Jumping ahead, arguably the first depiction of a false utopia and of a world ruled by a computer is E.M. Forster's "The Machine Stops," published in 1909. In "The Machine Stops," people live underground, in little individual "cells," without having any direct contact with each other. Forster introduces the notions of television screens and videoconferencing, as well as a society where everybody's needs are met via computer. Unfortunately, the Machine is breaking down, and the story's hero, Kuno, realizes that people need to live on the surface of the planet and reconnect with nature.
But among other topics, Forster is poking fun at the notion that direct experience is less important than studying second- and third-hand accounts of things, because knowledge (like air underground) is endlessly recirculated. "Let your ideas be second-hand, and if possible tenth-hand, for then they will be far removed from that disturbing element — direct observation."
And then there's Aldous Huxley, author of Brave New World — another famous work about a false utopia and a world ruled by science. Huxley considered himself a philosopher and social critic first and foremost, writing tons of essays on topics that are adjacent to his famous novel. (He even wrote a whole book revisiting the themes of that novel, Brave New World Revisited.)
It's worth reading Huxley's 1930 essay "The Boundaries of Utopia" in its entirety. He talks about the notion that all of our individual "rights" in modern society come from owning property rather than from anything innate — because the more money you have, the more you can exercise your rights. And then Huxley asserts that any post-scarcity utopia, in which everybody has equal property, must by necessity curb "excessive enjoyment of liberty."
And finally, philosopher Bertrand Russell wrote a short story in 1953 called "Satan in the Suburbs," about a mad scientist named Dr. Mallako, who posts a big sign saying "HORRORS MANUFACTURED HERE," and inviting people to apply within. Dr. Mallako preys on the weak-minded and the bored, implanting them with horrific memories and suggestions — each of Dr. Mallako's nightmares comments on current issues or philosophical ideas, but also allows Russell to explore the notion that the unconscious mind could lead people into irrationality and possibly doom the human race.

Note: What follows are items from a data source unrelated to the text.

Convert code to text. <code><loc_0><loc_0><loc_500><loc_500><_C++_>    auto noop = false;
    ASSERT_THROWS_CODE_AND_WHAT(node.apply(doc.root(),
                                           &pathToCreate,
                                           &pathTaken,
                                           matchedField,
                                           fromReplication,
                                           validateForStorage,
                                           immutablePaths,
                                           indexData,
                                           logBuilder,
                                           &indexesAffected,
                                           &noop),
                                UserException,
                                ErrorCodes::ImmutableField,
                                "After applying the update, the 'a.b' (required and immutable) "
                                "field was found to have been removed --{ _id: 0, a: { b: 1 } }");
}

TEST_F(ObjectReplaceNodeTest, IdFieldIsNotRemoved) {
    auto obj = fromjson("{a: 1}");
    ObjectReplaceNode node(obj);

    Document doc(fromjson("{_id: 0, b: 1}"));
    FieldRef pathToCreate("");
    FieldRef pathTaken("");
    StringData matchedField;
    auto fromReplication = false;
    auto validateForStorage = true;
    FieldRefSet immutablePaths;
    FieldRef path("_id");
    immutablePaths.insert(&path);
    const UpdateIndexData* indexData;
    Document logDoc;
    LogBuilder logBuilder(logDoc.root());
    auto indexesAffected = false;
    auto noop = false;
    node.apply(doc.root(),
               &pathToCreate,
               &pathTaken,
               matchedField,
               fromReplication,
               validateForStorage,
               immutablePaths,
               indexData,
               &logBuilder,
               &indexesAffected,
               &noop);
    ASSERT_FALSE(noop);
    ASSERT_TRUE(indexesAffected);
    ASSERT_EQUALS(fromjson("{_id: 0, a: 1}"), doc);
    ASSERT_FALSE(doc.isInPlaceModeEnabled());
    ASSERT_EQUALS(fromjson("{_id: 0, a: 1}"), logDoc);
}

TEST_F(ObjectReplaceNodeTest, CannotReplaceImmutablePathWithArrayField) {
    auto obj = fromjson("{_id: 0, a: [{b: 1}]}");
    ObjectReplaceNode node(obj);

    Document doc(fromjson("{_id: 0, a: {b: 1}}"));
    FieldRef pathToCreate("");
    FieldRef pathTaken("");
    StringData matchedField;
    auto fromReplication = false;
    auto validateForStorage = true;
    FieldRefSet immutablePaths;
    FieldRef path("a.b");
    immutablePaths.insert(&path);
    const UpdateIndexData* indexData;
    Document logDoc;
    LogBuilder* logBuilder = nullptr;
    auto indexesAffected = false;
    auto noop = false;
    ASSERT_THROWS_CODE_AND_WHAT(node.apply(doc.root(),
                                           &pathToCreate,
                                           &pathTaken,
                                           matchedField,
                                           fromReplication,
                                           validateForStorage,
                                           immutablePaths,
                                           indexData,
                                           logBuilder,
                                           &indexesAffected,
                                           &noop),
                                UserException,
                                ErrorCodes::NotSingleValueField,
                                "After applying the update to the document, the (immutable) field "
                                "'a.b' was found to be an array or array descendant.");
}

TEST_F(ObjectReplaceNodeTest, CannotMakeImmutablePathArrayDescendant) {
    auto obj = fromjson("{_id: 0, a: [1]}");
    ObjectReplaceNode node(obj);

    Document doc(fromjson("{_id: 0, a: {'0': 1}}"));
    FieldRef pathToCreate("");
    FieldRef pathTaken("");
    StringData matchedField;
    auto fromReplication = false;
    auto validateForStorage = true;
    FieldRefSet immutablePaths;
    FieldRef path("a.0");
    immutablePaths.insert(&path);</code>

So it's not just that science fiction happens somehow to be an ideal literature for exploring ideas about the nature of reality, ethics and humanity — these ideas are built into the core of the genre, because they're where science fiction came from. We first needed stories about artificial life and going to the Moon to explore questions about who we are and how to lead a good life, going back to the earliest myths and fables. And without these questions, we wouldn't have science fiction, as we know it.